By Richard Hollingham profile image
Richard Hollingham
Features correspondent
Getty Images Gillray cartoon on cowpox vaccine (Credit: Getty Images)Getty Images

Smallpox used to kill millions. But a chance discovery led to the first vaccine, and a transformation in human health.

Smallpox was a terrible disease.

 

“Your body would ache, you’d have high fever, a sore throat, headaches and difficulty breathing,” says epidemiologist René Najera, editor of the History of Vaccines website.

 

But that wasn’t the worst of it.

 

“On top of that, you’d get a horrible disfiguring rash over your entire body – pustules filled with pus on your scalp, feet, throat, even lungs – and over the course of a couple of days, they would dry out and start falling off,” says Najera.

 

With the rise in global trade and the spread of empires, smallpox ravaged communities around the world.
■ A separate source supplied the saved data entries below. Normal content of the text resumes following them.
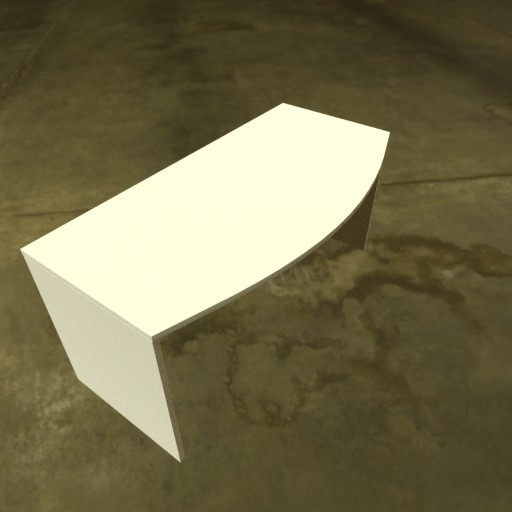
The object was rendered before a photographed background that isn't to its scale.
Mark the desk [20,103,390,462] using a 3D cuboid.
[{"bbox_3d":[0.000,0.000,2.050,0.802,0.750,1.600,25,46,27],"label":"desk"}]
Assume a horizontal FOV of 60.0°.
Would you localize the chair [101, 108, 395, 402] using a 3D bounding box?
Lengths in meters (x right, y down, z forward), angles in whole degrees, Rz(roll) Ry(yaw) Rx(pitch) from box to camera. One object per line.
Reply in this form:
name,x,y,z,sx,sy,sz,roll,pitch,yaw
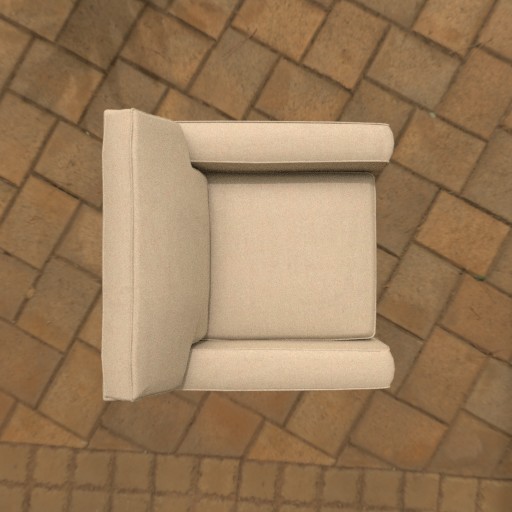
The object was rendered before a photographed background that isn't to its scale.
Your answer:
chair,0.000,0.000,1.782,1.043,0.913,0.998,0,89,-1
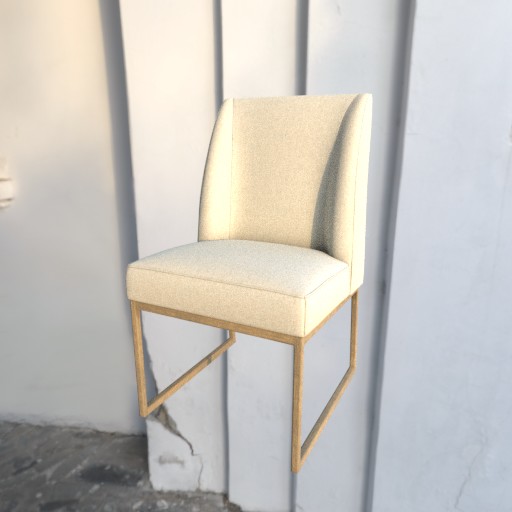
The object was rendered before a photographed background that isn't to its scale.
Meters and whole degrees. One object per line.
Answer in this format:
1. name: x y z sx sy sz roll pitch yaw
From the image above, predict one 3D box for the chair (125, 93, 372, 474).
1. chair: 0.000 0.000 1.224 0.508 0.863 0.522 8 18 26
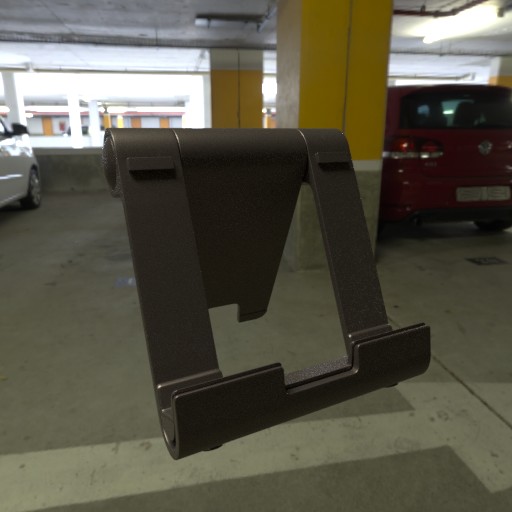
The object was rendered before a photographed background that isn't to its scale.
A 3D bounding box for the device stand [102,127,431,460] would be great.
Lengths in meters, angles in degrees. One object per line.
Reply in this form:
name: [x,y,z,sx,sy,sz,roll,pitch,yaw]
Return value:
device stand: [0.000,0.000,0.150,0.088,0.084,0.079,-8,18,-27]
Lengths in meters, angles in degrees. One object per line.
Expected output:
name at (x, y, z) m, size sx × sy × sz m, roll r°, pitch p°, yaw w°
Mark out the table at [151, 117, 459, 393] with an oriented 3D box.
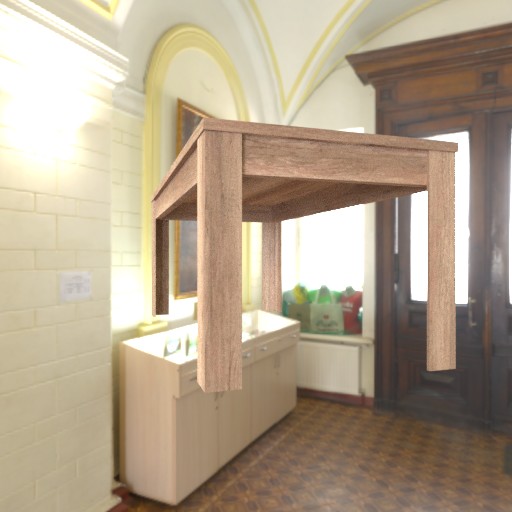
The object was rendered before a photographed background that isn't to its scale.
table at (0.000, 0.000, 2.260) m, size 0.900 × 0.790 × 1.800 m, roll 0°, pitch 0°, yaw -18°
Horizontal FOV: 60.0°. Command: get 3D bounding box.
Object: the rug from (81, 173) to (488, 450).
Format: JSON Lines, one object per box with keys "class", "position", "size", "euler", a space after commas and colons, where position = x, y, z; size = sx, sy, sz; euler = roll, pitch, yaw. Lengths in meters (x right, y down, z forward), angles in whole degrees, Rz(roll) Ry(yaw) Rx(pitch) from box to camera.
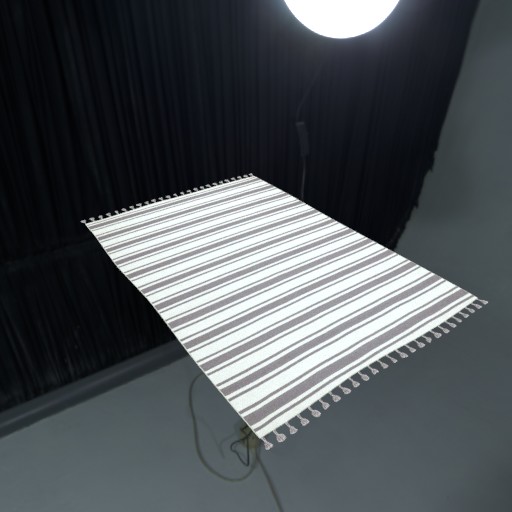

Around a third of adults infected with smallpox would be expected to die, and eight out of 10 infants. In the early 18th Century, the disease is calculated to have killed some 400,000 people every year in Europe alone.

 

Ports were particularly vulnerable. The 1721 smallpox outbreak in the US city of Boston wiped out 8% of the population. But even if you lived, the disease had lasting effects, leaving some of the survivors blind and all of them with nasty scars.

 

“When the scabs fell off, they’d leave you pockmarked and disfigured – some people committed suicide rather than live with the scarring,” Najera says.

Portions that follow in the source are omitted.